Wells Fargo announced another new boost to diverse small businesses today with $7.9 million in grants from its Diverse Community Capital program, which offers capital and technical assistance to minority-owned small businesses through Community Development Financial Institutions (CDFIs). To date, the program has generated more than 103,000 jobs across the U.S.

“Small businesses are experiencing a time of rapid growth, but entrepreneurs are still struggling to reach their full potential,” said Jon R. Campbell, president of the Wells Fargo Foundation. “By working with CDFIs, we can fund efforts on the ground that remove barriers, expand highly personalized coaching and put more small businesses on a path to succeed, especially in underserved communities.
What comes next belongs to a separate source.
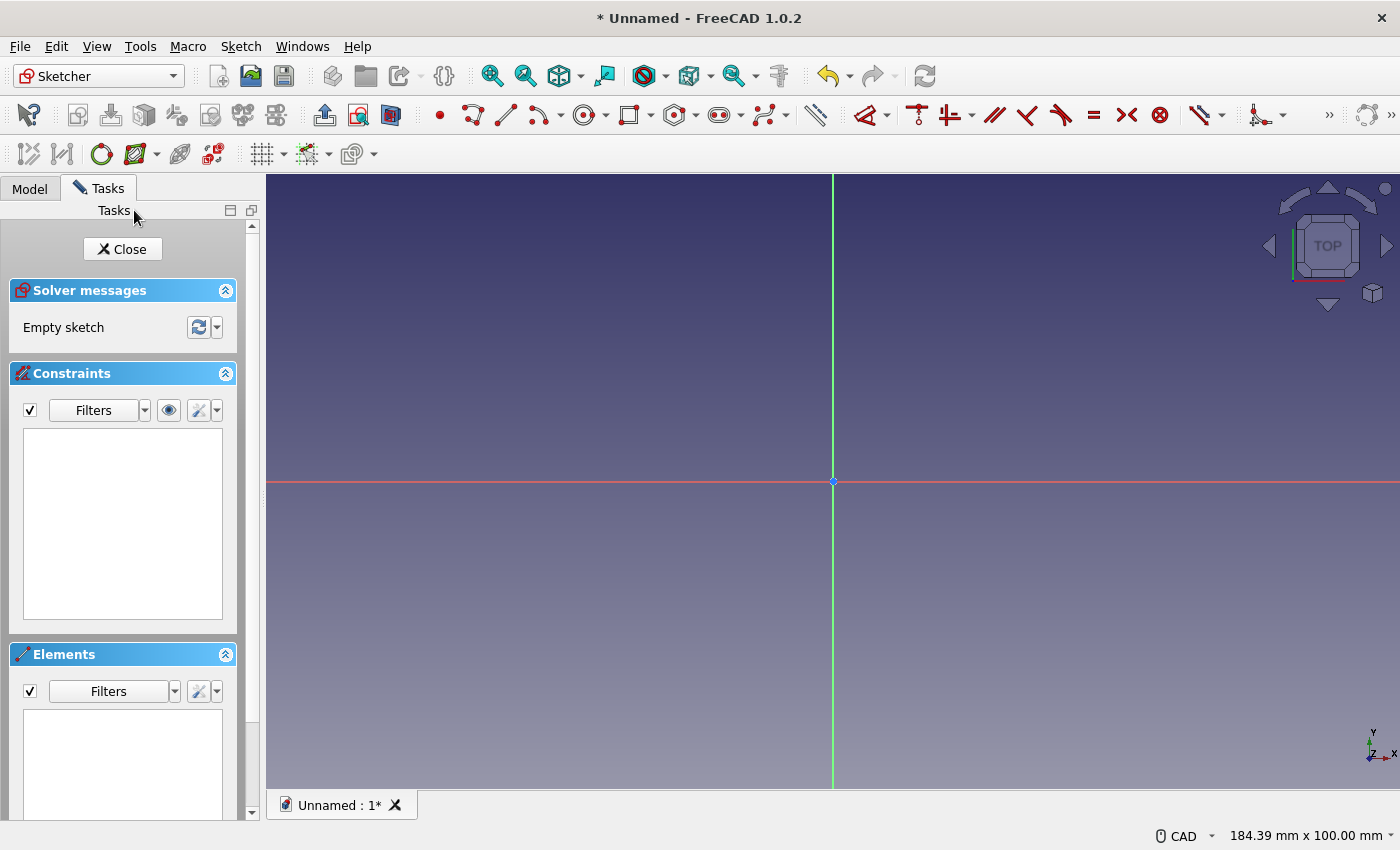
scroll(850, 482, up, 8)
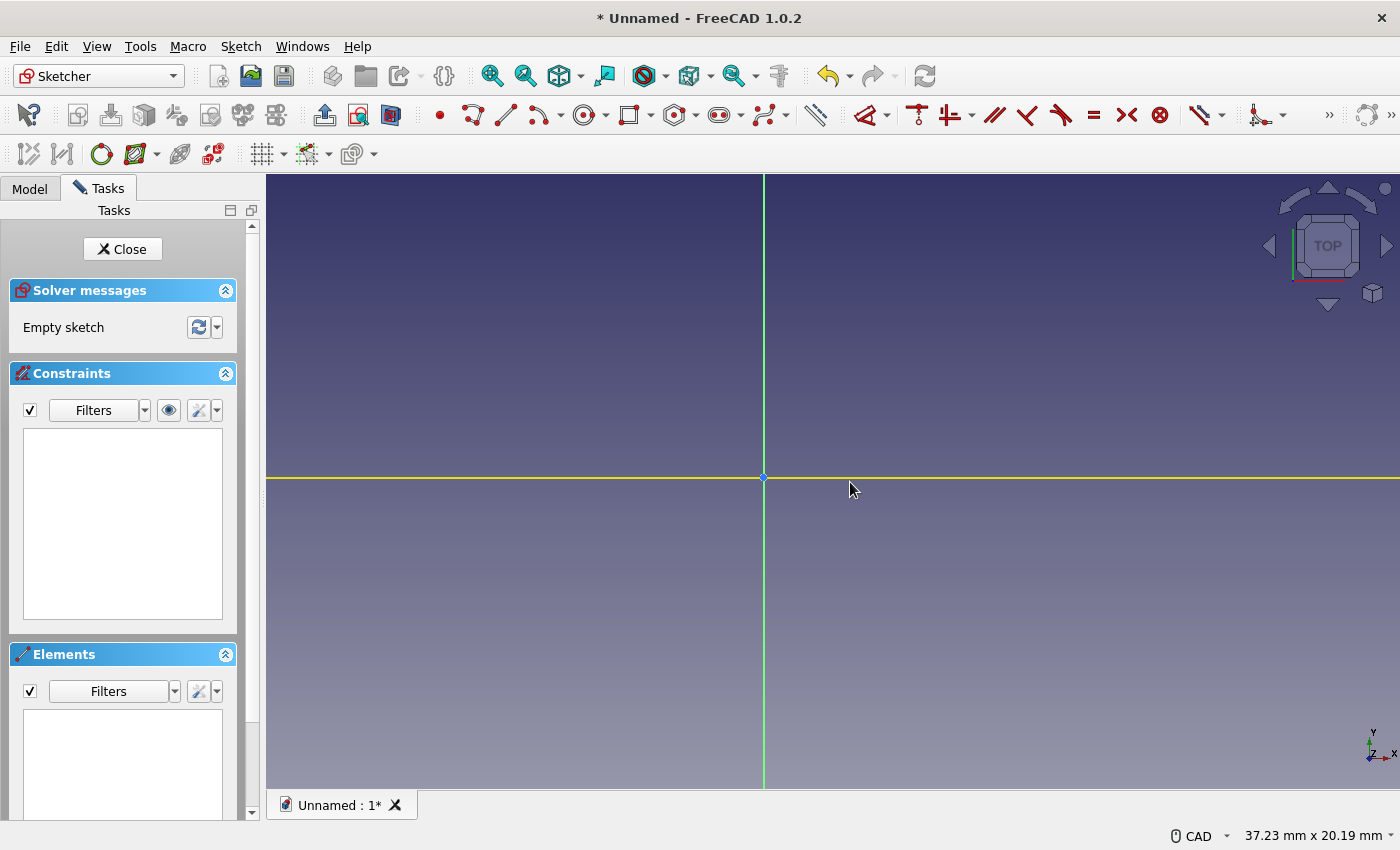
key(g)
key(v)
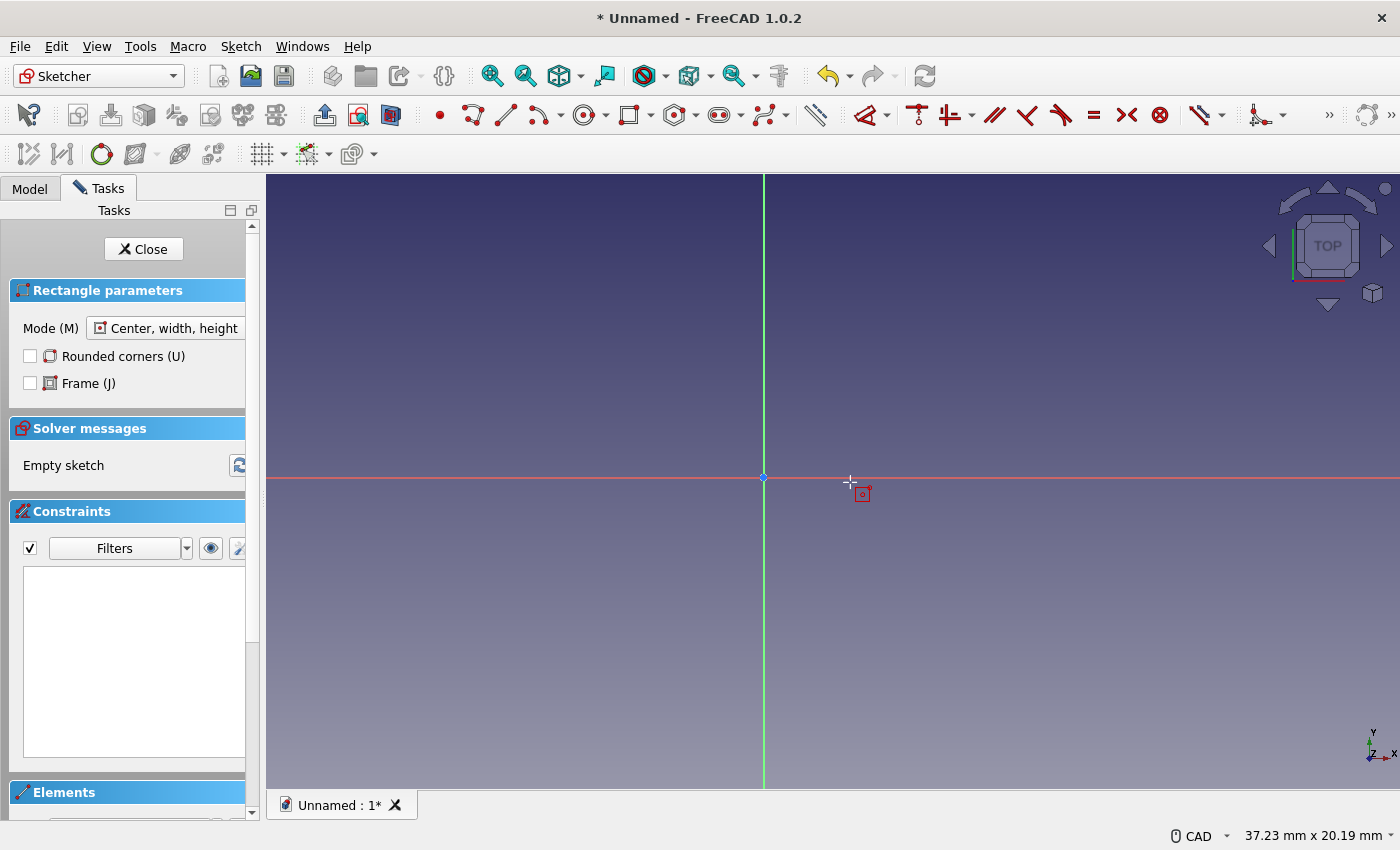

Every community needs small businesses to create jobs and financial stability.”

As part of its new philanthropic strategy announced in June, Wells Fargo is focusing on three societal challenges: housing affordability, small business growth and financial health. Wells Fargo’s Diverse Community Capital (DCC) program is a critical component of the small business strategy and supports business owners who are African-American, Hispanic, American Indian/Pacific Islander, Asian-American, women, veterans, LGBTQ, people with disabilities, and other underrepresented groups.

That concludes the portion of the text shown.